Hello. I have a quick question regarding this exercise. The output of list comprehension does not match a hairstyle to its cost. Is it possible to use a dictionary to display hairstyles as keys and costs as values?

1 Like

Hi there.

Yes, the exercise matches the two up by relying on the list index only - so the item at position `1` in the hairstyles list relates to the price at position `1` of the cost list…

It should be quite simple to use these two lists to create the dictionary that you’re thinking about.

You should attempt it yourself first, as a learning exercise... but here's how I'd do it.

You did attempt this yourself first, right…

If you didn't... you REALLY should...

Hmm… fine, if you insist… here’s the code - but I really do hope you tried it yourself first! You don’t learn by just knocking off other people’s code!

Here's how I did it.

My initial thought was to use a comprehension, like so:

``````services = {hairstyles[i]: prices[i] for i in range(len(hairstyles))}
``````

Here we create a dictionary where each key is an item from `hairstyles`, and each value is an item from `prices`. We use the comprehension’s iteration capability to have it generate the appropriate index, `i`, from `0` to the appropriate stopping point (`len(hairstyles)`).

You could equally do it with a for loop:

``````services = {}

for i in range(len(hairstyles)):
services[hairstyles[i]] = prices[i]
``````

The `for` loop does the same job as the comprehension, really. I think the comprehension is a more elegant solution, since we only need a single line to achieve the goal.

Both of these create the same output, if we print `services` to the console:

``````{'bouffant': 30, 'pixie': 25, 'dreadlocks': 40, 'crew': 20, 'bowl': 20, 'bob': 35, 'mohawk': 50, 'flattop': 35}
``````

Edit: Occurred to me that the dictionary comprehension could be done differently, which didn’t involve relying on indices…

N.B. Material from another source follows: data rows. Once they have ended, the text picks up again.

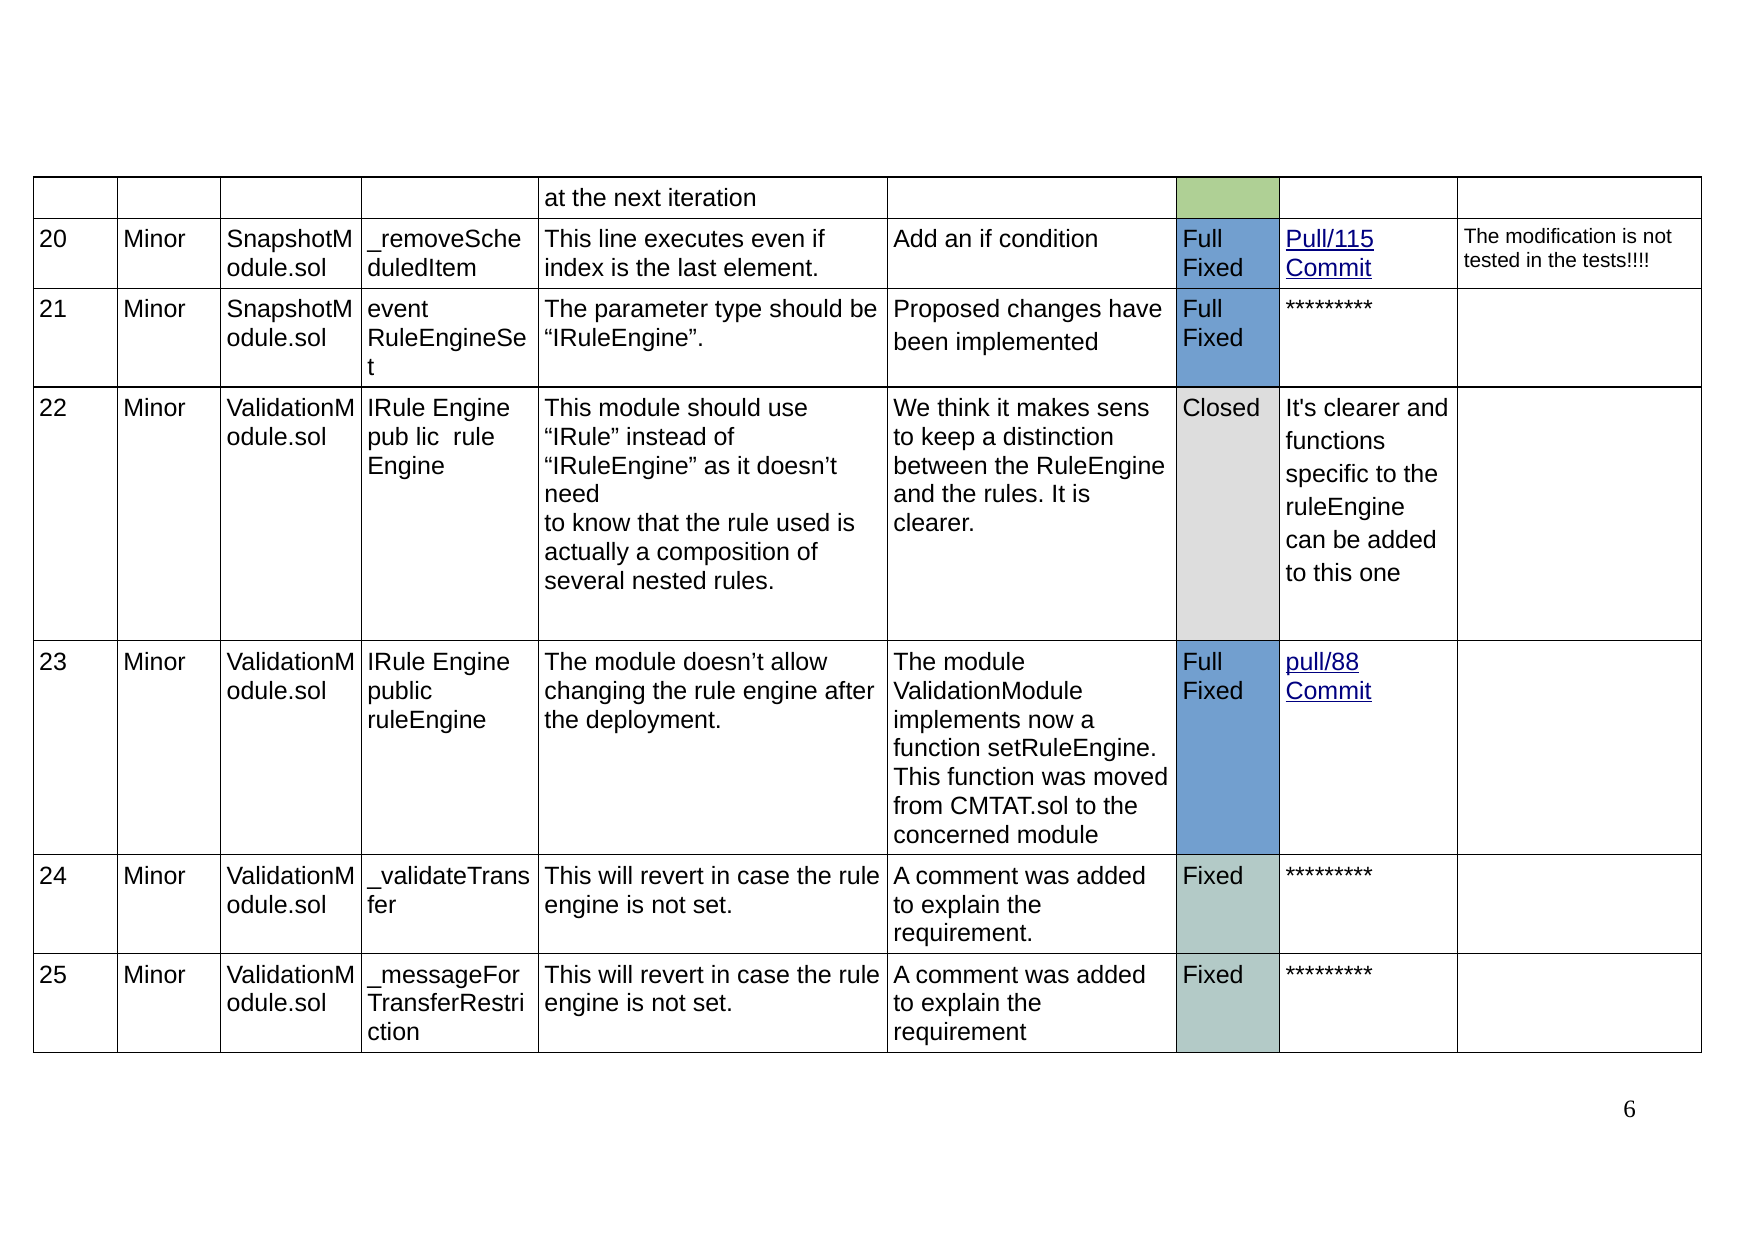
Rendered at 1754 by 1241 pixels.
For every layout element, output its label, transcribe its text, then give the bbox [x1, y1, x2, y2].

table_cell The module doesn’t allow changing the rule engine after the deployment. [539, 641, 887, 854]
table_cell This will revert in case the rule engine is not set. [539, 954, 887, 1052]
table_cell Full Fixed [1177, 641, 1279, 854]
table_cell 20 [34, 219, 117, 288]
table_cell _removeScheduledItem [362, 219, 538, 288]
table_cell Minor [118, 855, 220, 953]
table_cell Minor [118, 388, 220, 640]
table_cell This will revert in case the rule engine is not set. [539, 855, 887, 953]
table_cell SnapshotModule.sol [221, 289, 361, 386]
table_cell Minor [118, 219, 220, 288]
table_cell Full Fixed [1177, 219, 1279, 288]
table_cell A comment was added to explain the requirement. [888, 855, 1176, 953]
table_cell Fixed [1177, 954, 1279, 1052]
table_cell Minor [118, 289, 220, 386]
table_cell [1458, 388, 1701, 640]
table_cell [888, 178, 1176, 218]
table_cell 22 [34, 388, 117, 640]
table_cell pull/88 Commit [1280, 641, 1457, 854]
table_cell ********* [1280, 855, 1457, 953]
table_cell [1458, 289, 1701, 386]
table_cell [1458, 641, 1701, 854]
table_cell _validateTransfer [362, 855, 538, 953]
table_cell Proposed changes have been implemented [888, 289, 1176, 386]
table_cell A comment was added to explain the requirement [888, 954, 1176, 1052]
table_cell [221, 178, 361, 218]
table_cell ValidationModule.sol [221, 855, 361, 953]
table_cell Minor [118, 641, 220, 854]
table_cell [1458, 954, 1701, 1052]
table_cell SnapshotModule.sol [221, 219, 361, 288]
table_cell ValidationModule.sol [221, 641, 361, 854]
table_cell Add an if condition [888, 219, 1176, 288]
table_cell _messageForTransferRestriction [362, 954, 538, 1052]
table_cell [1458, 855, 1701, 953]
table_cell [1280, 178, 1457, 218]
table_cell at the next iteration [539, 178, 887, 218]
table_cell It's clearer and functions specific to the ruleEngine can be added to this one [1280, 388, 1457, 640]
table_cell ValidationModule.sol [221, 954, 361, 1052]
table_cell event RuleEngineSet [362, 289, 538, 386]
table_cell 25 [34, 954, 117, 1052]
table_cell Full Fixed [1177, 289, 1279, 386]
table_cell [34, 178, 117, 218]
table_cell IRule Engine pub lic rule Engine [362, 388, 538, 640]
table_cell 24 [34, 855, 117, 953]
table_cell [1177, 178, 1279, 218]
table_cell [362, 178, 538, 218]
table_cell 23 [34, 641, 117, 854]
table_cell [1458, 178, 1701, 218]
table_cell ********* [1280, 954, 1457, 1052]
table_cell We think it makes sens to keep a distinction between the RuleEngine and the rules. It is clearer. [888, 388, 1176, 640]
table_cell The parameter type should be “IRuleEngine”. [539, 289, 887, 386]
table_cell This line executes even if index is the last element. [539, 219, 887, 288]
table_cell This module should use “IRule” instead of “IRuleEngine” as it doesn’t need to know that the rule used is actually a composition of several nested rules. [539, 388, 887, 640]
table_cell 21 [34, 289, 117, 386]
table_cell The modification is not tested in the tests!!!! [1458, 219, 1701, 288]
table_cell IRule Engine public ruleEngine [362, 641, 538, 854]
table_cell ValidationModule.sol [221, 388, 361, 640]
table_cell Minor [118, 954, 220, 1052]
table_cell The module ValidationModule implements now a function setRuleEngine. This function was moved from CMTAT.sol to the concerned module [888, 641, 1176, 854]
table_cell Closed [1177, 388, 1279, 640]
table_cell ********* [1280, 289, 1457, 386]
table_cell Fixed [1177, 855, 1279, 953]
table_cell [118, 178, 220, 218]
table_cell Pull/115 Commit [1280, 219, 1457, 288]

``````services = {k:v for k,v in zip(hairstyles,prices)}
``````

That variant uses `zip` to join the hairstyles and prices into nicely wrapped tuples - e.g. `('bouffant', 30)` - which can then be manipulated directly into the `k`ey-`v`alue pairing… Less typing than my original method.

2 Likes

Thanks a million. That really helped. I did try it out myself several times before seeking the assistance of the community.

1 Like

I have another quick question regarding indentation.

Here is the question:

You will be given two extremely similar lists, but exactly one of the items in a list will be valued slightly higher than its counterpart (which means that evaluating the value > the other value will return `True` ).

Create a function that returns whether the first list is slightly superior to the second list.

And here is my code:

``````def is_first_superior(lst1, lst2):
for num1 in lst1:
for num2 in lst2:
if num1 > num2:
return True
return False
``````

I keep running into a ‘IndentationError: unindent does not match any outer indentation level.’
I hope you don’t mind assisting me a second time.